К книге
Метроленд. До ее встречи со мной. Попугай ФлобераМетроленд Роман[2]. Часть третья Метроленд II (1977). 2 Текущие расходы
45%
Метроленд Роман[2]. Часть третья Метроленд II (1977). 2 Текущие расходы
31

Теперь мы не так часто видимся с Тони. Мы по-прежнему скучаем друг без друга, но оба понимаем, что наши пути разошлись. После Марокко он пару лет прожил в Соединенных Штатах (от кифа к кичу, как он сам это определил); потом вернулся в Англию, стал преподавать философию и сделался академическим обозревателем, причем его критика была всегда очень жесткой; он опубликовал сборник стихов и две книги эссе и постепенно вдарился в уличную политику. Сейчас он живет с девушкой, чье имя мы никак не можем запомнить, в самом скромном квартале Кенсингтона. В последний раз, когда мы приглашали его к себе в гости, мы сказали ему, чтобы он приходил со своей «женой». Но он сказал, что придет один.

– Жаль, что Келли не смогла прийти, – сказала Марион, когда мы засели за аперитив.

– Кейли. Ну, понимаешь, мы с ней считаем, что у каждого есть право веселиться отдельно – со своими друзьями.
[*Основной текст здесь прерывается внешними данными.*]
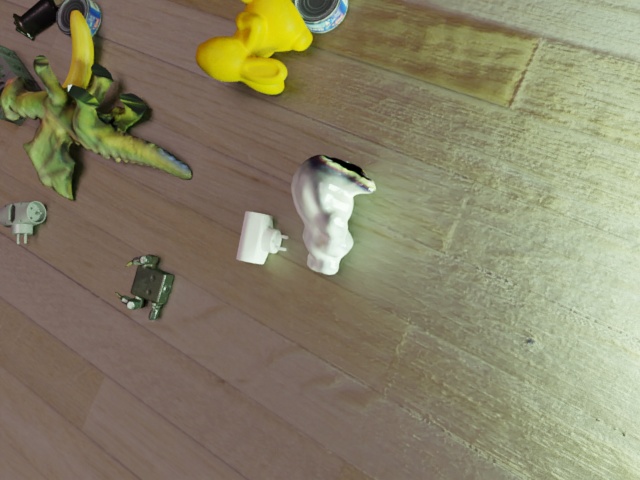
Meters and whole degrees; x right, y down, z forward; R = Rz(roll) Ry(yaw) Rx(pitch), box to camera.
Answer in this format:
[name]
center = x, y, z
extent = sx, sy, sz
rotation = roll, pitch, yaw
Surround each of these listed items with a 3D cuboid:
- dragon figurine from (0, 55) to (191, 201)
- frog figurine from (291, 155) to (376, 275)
[dragon figurine]
center = -0.437, -0.178, 0.947
extent = 0.411, 0.124, 0.239
rotation = 44, 119, 5
[frog figurine]
center = 0.002, -0.037, 0.744
extent = 0.158, 0.122, 0.139
rotation = -62, 36, 14

– То есть тебе не хочется, чтобы она с нами знакомилась? Или она сама не хочет знакомиться? Или что?

Тони, похоже, слегка удивился. По-моему, он считает Марион скромницей, потому что она почти всегда молчит.

– Нет. Наверное, ей было бы интересно с вами познакомиться. Просто у нас у каждого свои друзья.

– А ты ей сказал… что мы ее приглашали?

– Вообще-то нет.

– То есть нам уже точно не суждено с ней познакомиться?

– Марион, не будь такой занудой, – скривился Тони. – Тут, кажется, все понятно.

– Да, все понятно. Пойду-ка я лучше накрою на стол.

Мне стало неловко за Тони; между нашими редкими встречами я успевал забыть, какой он твердолобый. Воплощенный дух противоречия. Впрочем, стоило лишь посмотреть на нас, чтобы понять, что каждый из нас собой представляет. Я был в пуловере без воротника, вельветовых брюках и в туфлях «Хаш Паппиз». Тони – в джинсах от-кутюр, джинсовом жилете, рубашке из «мятой» ткани и охотничьей куртке с капюшоном. Его волосы лоснились – может, от геля, но, скорее всего, он их просто давно не мыл. А в его поношенном рюкзачке, я так думаю, было много всего, чего мне никогда бы не понадобилось. Он по-прежнему выглядел этаким смуглым еврейским живчиком, который бреется по два раза на дню; хотя я заметил, что он стал выщипывать волоски на переносице – в том месте, где у него когда-то срастались брови. И еще у него изменилась манера речи: произношение осталось таким же, но грамматика и словарь стали более просторечными.

В принципе я предполагал, что Тони будет настроен воинственно и агрессивно – такими мы были в школе. Но мне и в голову не приходило, что он устроит «великую битву принципов» по поводу обычного приглашения в гости. В общем, после обмена едкими любезностями мы уселись за стол. Эми сидела на своем высоком стульчике слева от Тони, с желтым слюнявчиком на груди. Тони устроил настоящее представление по этому поводу: надел свою куртку и отодвинулся на несколько дюймов вправо – «из зоны досягаемости плевка», как он это назвал.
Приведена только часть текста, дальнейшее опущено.